At paradise gate, p.3
At Paradise Gate,
p.3
Susanna came in from the kitchen, followed by Christine, who struck a posture in the doorway, tapped her chest with her fist, and burped discreetly. “Oh, Grandmother, delicious! I outdid myelf. I even outdid Susanna, didn’t I? She had three scoops, I had four.” Susanna groaned.
Ike said, “Remember when Abel and I used to sit down with a five-pound box of chocolates and finish them before bed?”
“Grandpa! Did you really?”
“Sure! Whitman’s Sampler we’d always get. Abel liked the creams and I liked the nougats. Of course, if your grandmother got there first, there’d be holes in all the bottoms where she’d stuck her thumb to see what they were. Had to have all the caramel centers, or we’d never hear the end to it. She’s got a sweet tooth!” Ike dislodged his false teeth and pushed them out of his mouth in a picket-fence grin, then drew them back in. Christine and Susanna laughed, Helen and Claire smiled.
Anna said, “Now, Daddy, you never ate five pounds in a night, that’s for sure.”
Nelson, who had fallen asleep in the kitchen, came to the dining room doorway and yawned vigorously. “Nelson!” exclaimed Christine. “Are you a good dog?” Nelson wagged his tail and barked once. She squatted down beside him, saying, “Pleased to meet you!” Nelson gave her his paw. “What brings you to our fair city?” Nelson barked twice. She went on in an elaborately solicitous tone, “Ah, poor Nelson had a hard day, didn’t he?” Nelson’s paws crept forward until he was down, then he flopped over onto his side and closed his eyes. Christine cooed, “Night-night, Nelson. Sleep tight.” Ike laughed. In a moment Christine jumped up, “Morning, Nelson! Breakfast time!” Nelson jumped to his feet, then carefully sat back on his haunches and began to lift his front legs. He lost his balance immediately. “Good try, doggy, okay!” said Christine. Nelson wagged his tail and went to the front door, where he lay down.

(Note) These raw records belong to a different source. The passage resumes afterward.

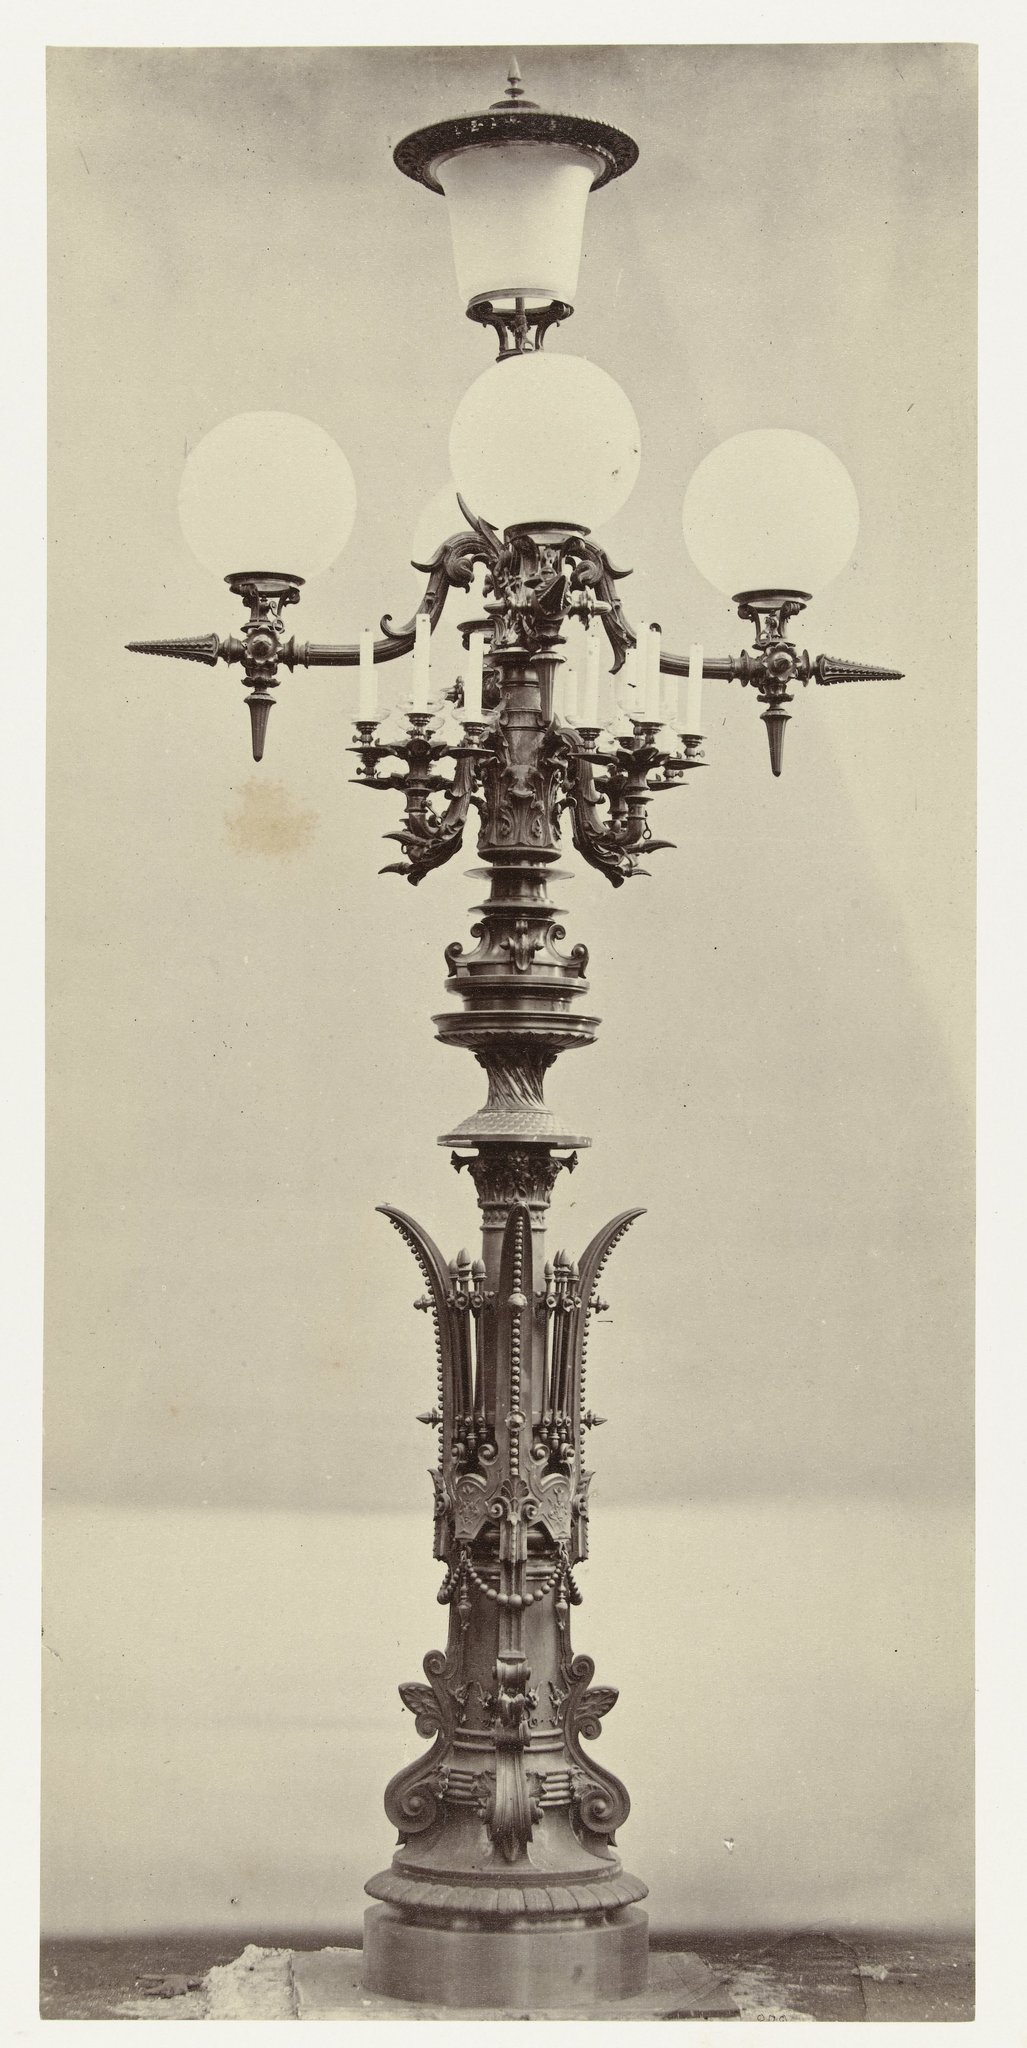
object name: photograph
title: 12. Le nouvel Opéra de Paris. Bronzes.
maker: louis-emile durandelle
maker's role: fotograaf
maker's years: 1839-1917
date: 1878-1881
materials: photographic support
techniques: albumen print
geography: paris
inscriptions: number: ‘12’
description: bij boek in Bibliotheek RMA, Zie Frizot, pp. 217-223, vgl G. Vicaire, Manuel de l'amateur de livres du XIXe siècle, vol. 3, column 870.

“Very good!” cried Helen. “I had no idea you’d taught him all that! He’s very smart, isn’t he?”
“Todd did most of it, but I taught him to bark when I ask him if he’s a good dog. I don’t like the begging, frankly, but Todd’s been trying really hard to teach him to get his balance.”
Anna glanced over at Ike. His head was back on the chair, and he had closed his eyes. He’d been up for nearly an hour, and not a quiet hour. He looked at it. “Daddy?” She leaned over and poked him on the knee. “I think you should go back upstairs.” It alarmed her, how long he took in rousing himself. In a moment he had apparently fallen asleep, and now he was drowsy and disoriented. He looked toward her, mumbling that he was fine, but his eyelids fluttered and white shone beneath them. “Come on!” She stood up, Claire and Christine got up to help her. She hoped that they hadn’t seen the look he gave her. The weakness in it gave her something of a turn.
“We’ll do it, Mother,” said Claire. “You lead the way.”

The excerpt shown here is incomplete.